Griffith Island
On our last evening in Port Fairy, I take a walk on Griffith Island with my youngest son, Ben. He’s reluctant to join me, but perks up when I tell him the Mutton birds may arrive.
I’m being hopeful about the Mutton birds. It’s late April and I’m well aware the Shearwater sea birds, as they are correctly named, may have already left on their journey back North, toward the Aleutian Islands of Alaska. On the treck to the fertile feeding grounds of the Arctic ocean, the Shearwaters will risk death from starvation and exhaustion. Some will end up on the shores of Japan and North America, but the majority of them will make it. They are a determined bird.
When I was Ben’s age I remember running wildly along the Island paths in late September as the evening sky came alive with the birds’ arrival back from the Arctic. A black mass first eclipsed the horizon; then wings of vigour, circling and divebombing the land. It was a terrifying, exhilarating experience. I want my son to feel it, but in the months we’ve been in Port Fairy the birds don’t seem to be as numerous. Each evening we watch for them to come back in from feeding during the day – but the mass of wings is lighter than I recall.

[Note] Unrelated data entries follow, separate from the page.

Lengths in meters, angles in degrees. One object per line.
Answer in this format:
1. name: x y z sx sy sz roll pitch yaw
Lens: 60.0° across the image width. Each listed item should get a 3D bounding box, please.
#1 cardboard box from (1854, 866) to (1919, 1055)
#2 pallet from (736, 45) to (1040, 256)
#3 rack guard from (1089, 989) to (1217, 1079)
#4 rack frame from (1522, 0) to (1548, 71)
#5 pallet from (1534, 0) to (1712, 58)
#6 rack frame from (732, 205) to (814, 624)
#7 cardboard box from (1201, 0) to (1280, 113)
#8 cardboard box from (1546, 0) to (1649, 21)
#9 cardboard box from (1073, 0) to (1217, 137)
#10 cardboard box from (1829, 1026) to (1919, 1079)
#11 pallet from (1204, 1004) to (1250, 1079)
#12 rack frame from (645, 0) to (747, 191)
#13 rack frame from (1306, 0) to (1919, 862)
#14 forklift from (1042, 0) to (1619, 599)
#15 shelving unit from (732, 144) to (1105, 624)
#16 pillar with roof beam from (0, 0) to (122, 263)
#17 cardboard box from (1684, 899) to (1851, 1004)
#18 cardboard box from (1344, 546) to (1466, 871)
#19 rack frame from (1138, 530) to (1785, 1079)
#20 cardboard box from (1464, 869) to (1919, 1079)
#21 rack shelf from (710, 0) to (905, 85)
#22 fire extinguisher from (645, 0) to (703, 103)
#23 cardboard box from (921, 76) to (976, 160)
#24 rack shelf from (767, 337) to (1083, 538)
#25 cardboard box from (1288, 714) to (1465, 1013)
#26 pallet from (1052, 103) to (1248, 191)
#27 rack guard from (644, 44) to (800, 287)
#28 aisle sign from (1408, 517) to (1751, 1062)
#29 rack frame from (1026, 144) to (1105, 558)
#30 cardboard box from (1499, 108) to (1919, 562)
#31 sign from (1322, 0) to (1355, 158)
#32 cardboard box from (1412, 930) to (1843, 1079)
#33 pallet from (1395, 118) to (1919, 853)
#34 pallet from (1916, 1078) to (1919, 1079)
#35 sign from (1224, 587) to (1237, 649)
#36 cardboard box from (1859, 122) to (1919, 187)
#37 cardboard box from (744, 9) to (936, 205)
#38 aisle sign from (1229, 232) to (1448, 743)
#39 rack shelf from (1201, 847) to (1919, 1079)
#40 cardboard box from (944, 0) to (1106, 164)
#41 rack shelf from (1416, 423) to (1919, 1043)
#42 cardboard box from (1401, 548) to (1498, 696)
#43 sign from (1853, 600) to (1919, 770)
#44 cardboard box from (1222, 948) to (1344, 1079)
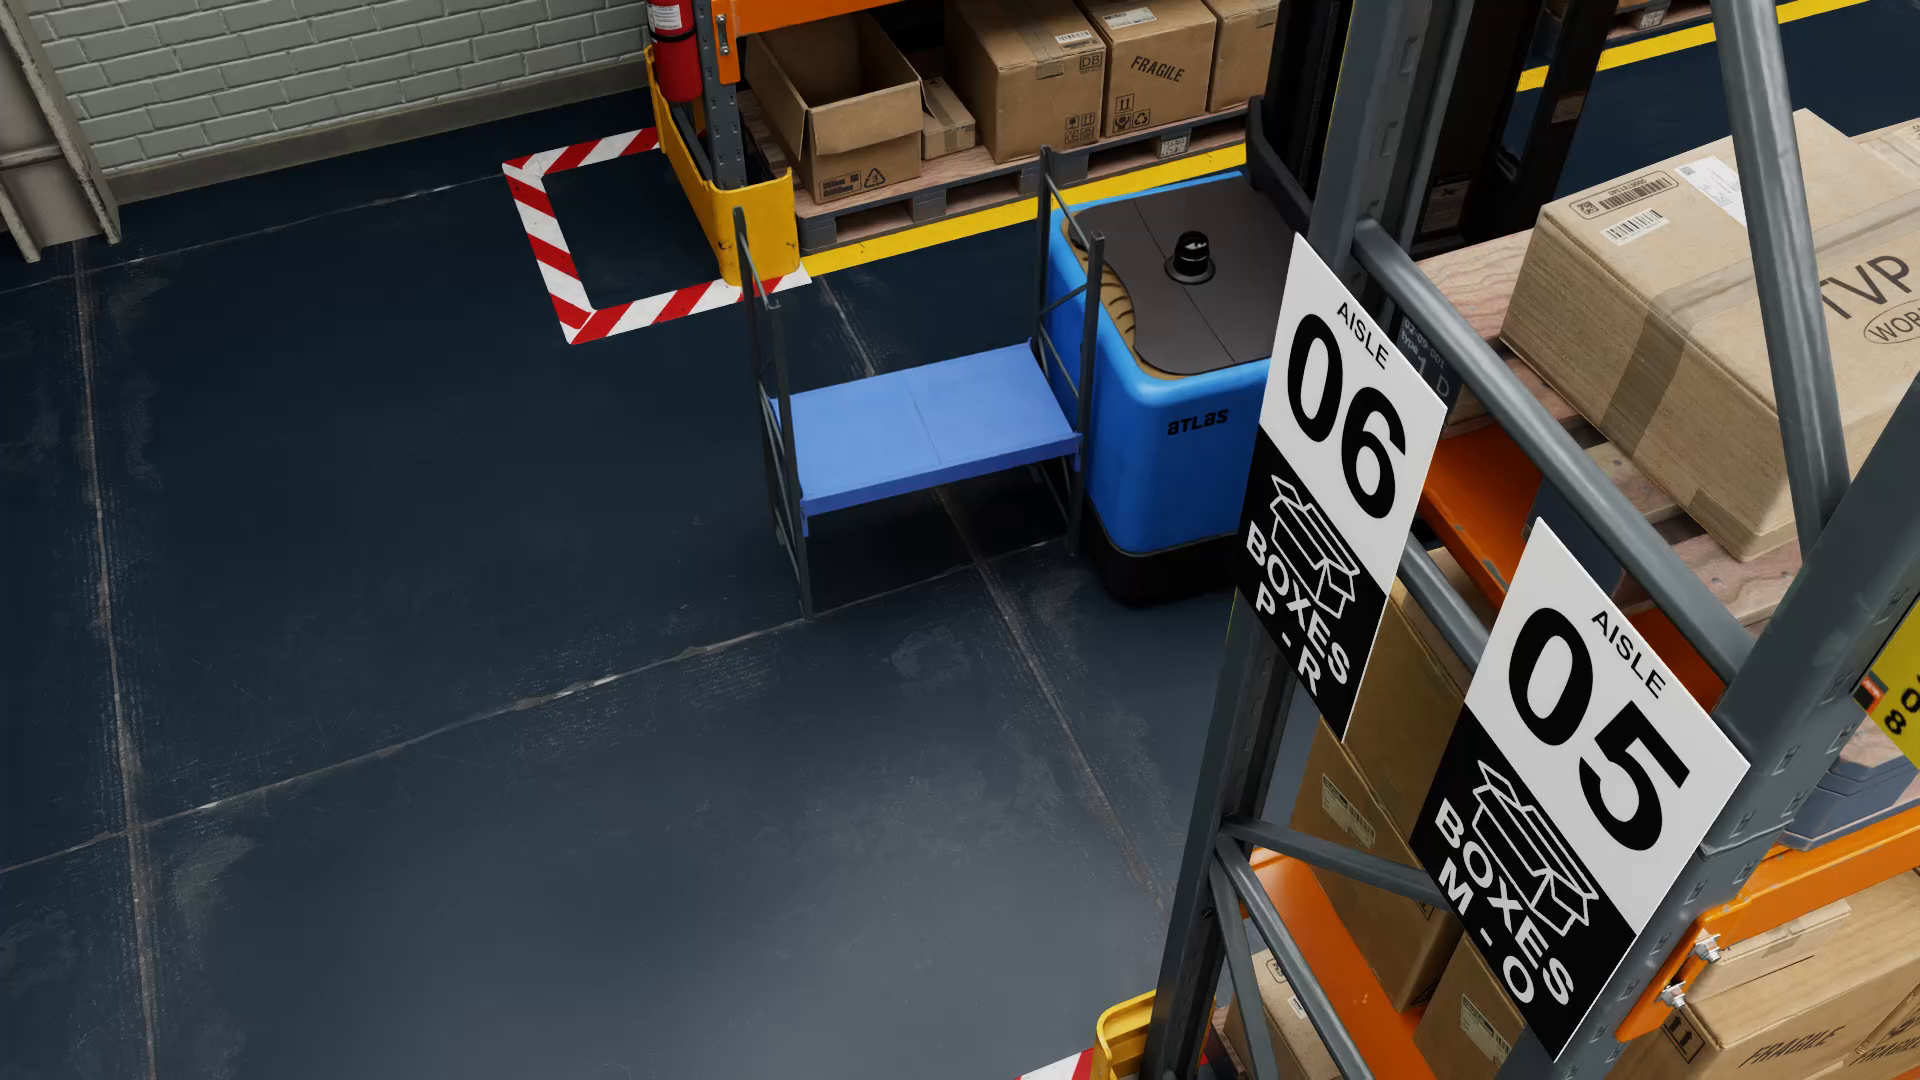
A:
1. cardboard box: 1.777 0.540 3.084 0.500 0.500 0.500 -18 52 -15
2. pallet: -0.322 -1.838 7.690 1.213 0.211 1.003 -17 52 -14
3. rack guard: 0.727 1.810 4.366 0.348 0.500 1.175 -17 52 -14
4. rack frame: 2.572 -3.643 7.402 0.127 3.000 1.000 -17 52 -14
5. pallet: 3.311 -2.995 8.683 1.213 0.211 1.003 -17 52 -14
6. rack frame: -0.617 -0.368 5.578 0.032 1.500 0.500 -14 51 -12
7. cardboard box: 1.239 -2.443 7.741 0.500 0.500 0.700 -19 52 -16
8. cardboard box: 3.105 -2.946 8.174 0.500 0.500 0.500 -15 51 -13
9. cardboard box: 0.805 -2.226 7.556 0.500 0.500 0.500 -16 51 -14
10. cardboard box: 1.760 0.856 3.472 0.500 0.500 0.500 -18 52 -15
11. pallet: 1.460 1.613 4.725 1.213 0.211 1.003 -17 52 -14
12. rack frame: -1.131 -2.496 6.416 0.127 3.000 1.000 -17 52 -14
13. rack frame: 0.750 -0.965 1.147 0.127 3.000 1.000 -17 52 -14
14. forklift: 1.832 -1.406 5.525 3.031 2.935 1.130 -14 51 -12
15. shelving unit: -0.133 -0.487 5.680 1.048 1.500 0.538 -14 51 -12
16. pillar with roof beam: -2.340 -1.286 1.423 0.400 9.000 9.100 -17 52 -14
17. cardboard box: 1.183 0.512 2.680 0.250 0.149 0.380 -16 51 -13
18. cardboard box: 1.106 0.325 3.268 0.500 0.500 0.500 -16 51 -13
19. rack frame: 0.750 0.989 3.423 0.127 3.000 1.000 -17 52 -14
20. cardboard box: 1.302 0.693 2.952 0.500 0.500 0.500 -18 52 -15
21. rack shelf: 0.721 -2.835 7.182 4.000 0.370 1.077 -17 52 -14
22. fire extinguisher: -1.092 -1.982 6.272 0.183 0.674 0.296 -17 52 -14
23. cardboard box: -0.120 -1.907 7.513 0.250 0.149 0.380 -19 52 -16
24. rack shelf: -0.133 -0.370 5.816 1.000 0.185 0.538 -14 51 -12
25. cardboard box: 1.096 0.632 3.664 0.500 0.500 0.500 -17 51 -14
26. pallet: 0.805 -2.185 7.988 1.213 0.211 1.003 -17 52 -14
27. rack guard: -1.060 -1.703 7.383 0.348 0.500 1.175 -17 52 -14
28. aisle sign: 0.793 0.367 2.244 0.004 0.787 0.394 -17 52 -14
29. rack frame: 0.350 -0.606 5.782 0.032 1.500 0.500 -14 51 -12
30. cardboard box: 1.132 -0.301 2.310 0.500 0.250 0.500 -22 53 -18
31. sign: 0.557 -0.636 2.310 0.005 0.325 0.100 -17 52 -14
32. cardboard box: 1.303 1.021 3.330 0.500 0.500 0.500 -18 52 -15
33. pallet: 1.433 -0.179 2.508 1.213 0.211 1.003 -17 52 -14
34. pallet: 2.588 1.266 5.023 1.213 0.211 1.003 -17 52 -14
35. sign: 0.557 0.150 3.225 0.005 0.325 0.100 -17 52 -14
36. cardboard box: 1.490 -0.444 2.500 0.250 0.149 0.380 -21 52 -17
37. cardboard box: -0.528 -1.928 7.297 0.637 0.503 0.797 -19 52 -16
38. aisle sign: 0.566 -0.055 2.606 0.004 0.787 0.394 -17 52 -14
39. rack shelf: 2.601 0.650 4.189 4.000 0.370 1.077 -17 52 -14
40. cardboard box: 0.278 -2.145 7.486 0.500 0.500 0.700 -15 51 -13
41. rack shelf: 2.601 -0.327 3.051 4.000 0.370 1.077 -17 52 -14
42. cardboard box: 1.006 0.176 2.969 0.250 0.149 0.380 -17 51 -14
43. sign: 0.954 0.093 1.587 0.005 0.325 0.100 -17 52 -14
44. cardboard box: 1.323 1.428 4.459 0.875 0.438 0.875 -19 52 -15

Short tailed Shearwaters usually arrive on Griffith Island on the same day in late September. We always remembered to look out for them on the day of the AFL Grandfinal – it was a day for cheering. The birds return to the same nests each year and raise chicks with the same breeding partner. They are constantly threatened by foxes, feral cats and dogs – but still they return and still they leave.
On my walk with Ben, we don’t see any birds return to their nests – perhaps they have already left. Ben sees a wallaby and skips along the stone wall near the lighthouse. He discoveres a rock with a square hole in it and and finds strange bones he thinks may be from a dead Portugese sailor. He hasn’t seen any mutton birds, but his experiences of the Island are rich. We share a love for the place, but we connect to it in different ways.
My youngest son walks in front of me and I think of the day when he too will fly away. He’ll face challenges unheard of when I was ten and the world will be a vastly different place.
But, as we walk around the Island I think that it’s likely he will return. As a species, we can be determined too.
Marg Hickey is a PhD candidate at La Trobe University.